> _WHAT YOU HAVE TO DO_
Take the line containing "Horizontal field of view: 67.6 degrees." and each line after it through the end of the data below, and return them exactly, minus any pictures.

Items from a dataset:
══════

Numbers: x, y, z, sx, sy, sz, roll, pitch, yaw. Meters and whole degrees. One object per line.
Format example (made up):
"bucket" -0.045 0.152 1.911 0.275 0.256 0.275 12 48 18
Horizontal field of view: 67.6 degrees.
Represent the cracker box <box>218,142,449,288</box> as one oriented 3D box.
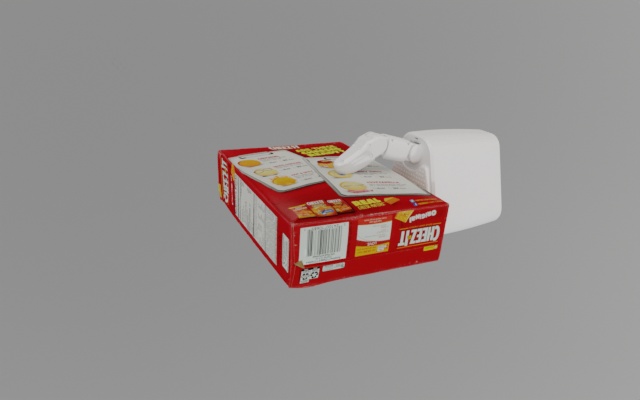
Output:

══════

> _TASK RESULT_
Horizontal field of view: 67.6 degrees.
Represent the cracker box <box>218,142,449,288</box> as one oriented 3D box.
Output:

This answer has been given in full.